The below list represents only planned manuscripts. Some of these manuscripts have not been received by the Editorial Office yet. Papers submitted to MDPI journals are subject to peer-review.

Title: Structural evolution of copper coated iron powder during severe plastic deformation
Author: Timo Müller, Andrea Bachmaier, Reinhard Pippan
Affiliation: Erich Schmid Institute of Materials Science, Austrian Academy of Sciences, Leoben, Austria
Abstract: Severe plastic deformation of binary immiscible alloys can result in either nanostructured composites or supersaturated solutions depending on the chemical composition of the material and the amount of strain. During deformation, refinement of the microstructure takes place until a state of saturation is obtained. The kinetics of the refinement process can be adjusted by various parameters.

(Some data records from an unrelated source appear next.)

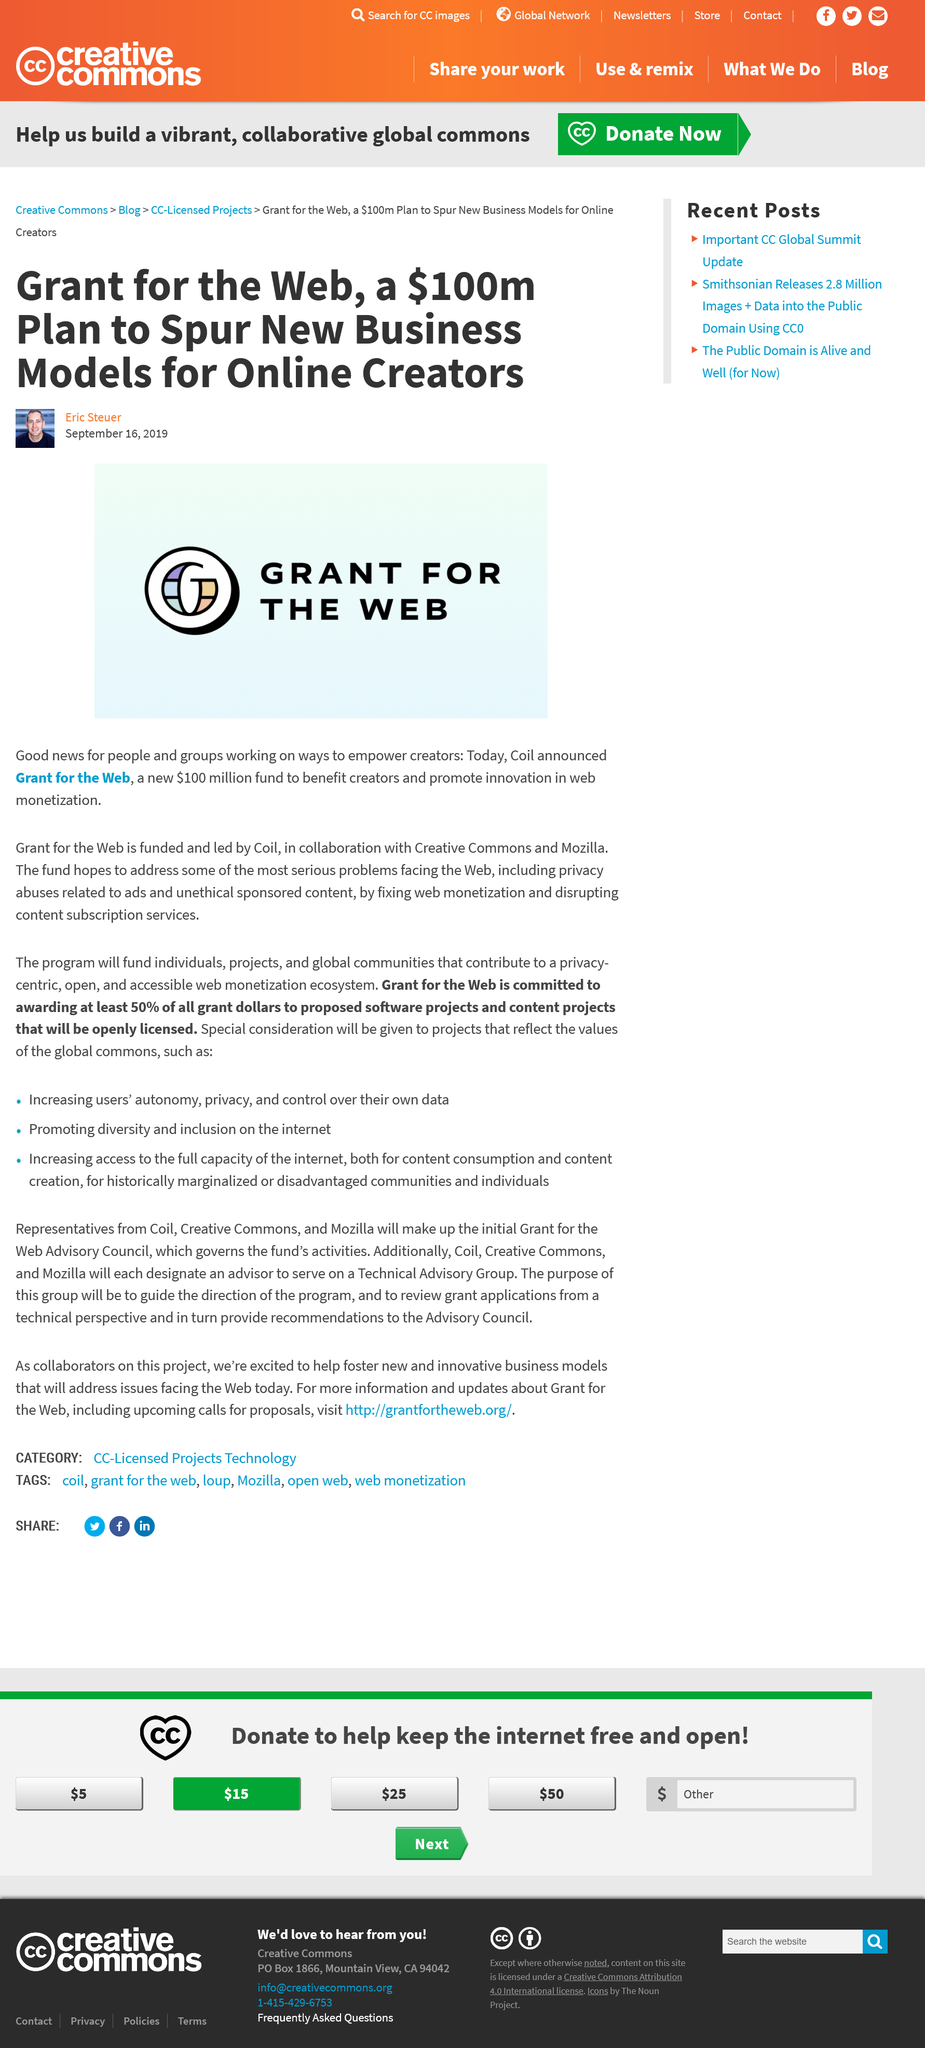Indicate a few pertinent items in this graphic. The $100 million fund is aimed at addressing the serious problems facing the web. Coil is the primary funder and leader of the Grant for the Web initiative. Coil collaborated with Creative Commons and Mozilla for the funding, and they collaborated with Who for the fund. 
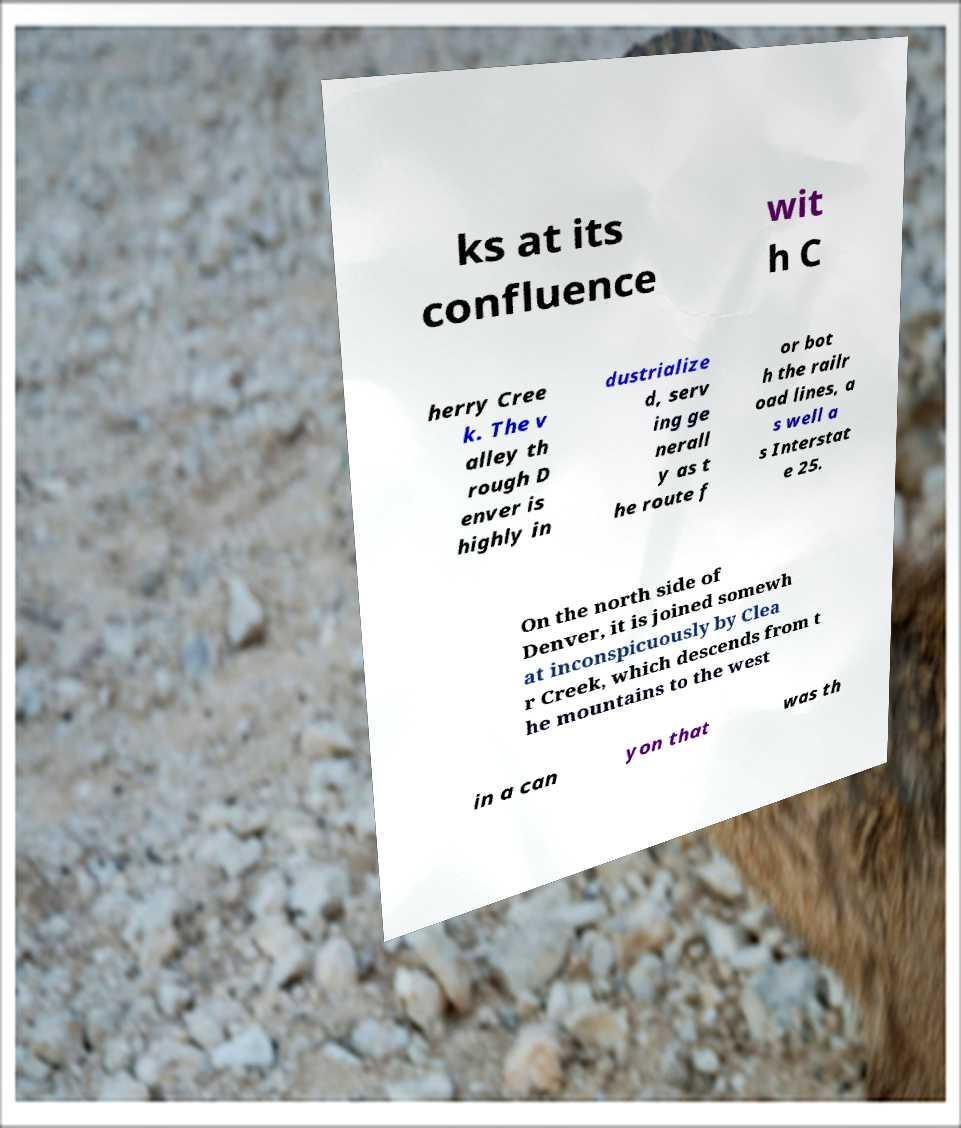What messages or text are displayed in this image? I need them in a readable, typed format. ks at its confluence wit h C herry Cree k. The v alley th rough D enver is highly in dustrialize d, serv ing ge nerall y as t he route f or bot h the railr oad lines, a s well a s Interstat e 25. On the north side of Denver, it is joined somewh at inconspicuously by Clea r Creek, which descends from t he mountains to the west in a can yon that was th 
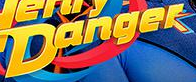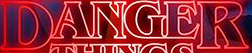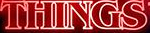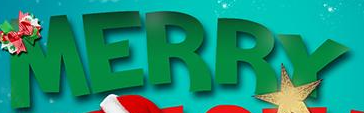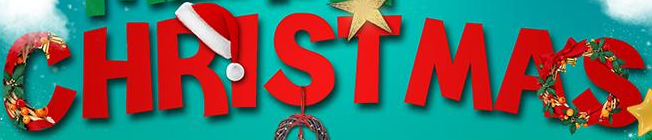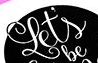Read the text from these images in sequence, separated by a semicolon. Danger; DANGER; THINGS; MERRY; CHRISTMAS; Let's 
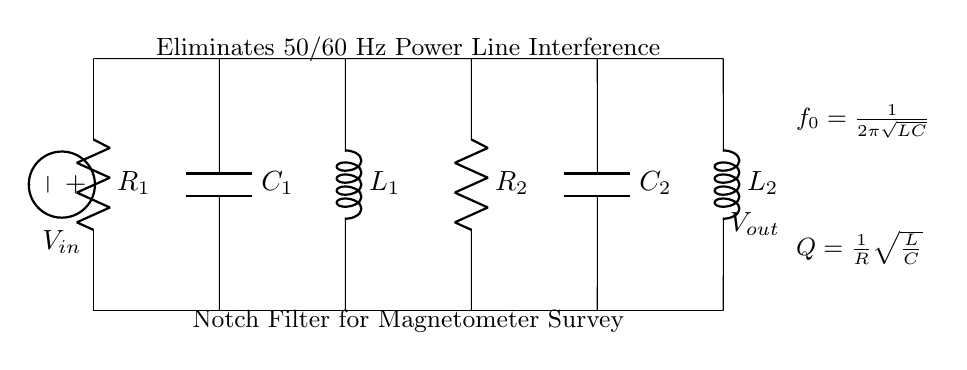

One of these is the initial structure of the material. In this study, iron powder was coated with copper via immersion deposition. Subsequently, the coated powder was deformed using high pressure torsion. The coating of the powder does not allow any agglomeration of one element over larger regions, as it might occur in powder mixtures. Therefore, an acceleration of the structural refinement process was expected as compared to the deformation of powder mixtures. X-ray diffraction as well as scanning electron microscopy including electron backscatter diffraction was used to analyze the structure after different amounts of deformation, which was then related to the microhardness of the material. Equivalent experiments using mixtures of iron and copper powders were performed to compare the results and discuss both the avoidance of agglomeration and the enhanced presence of impurities in the coated powder.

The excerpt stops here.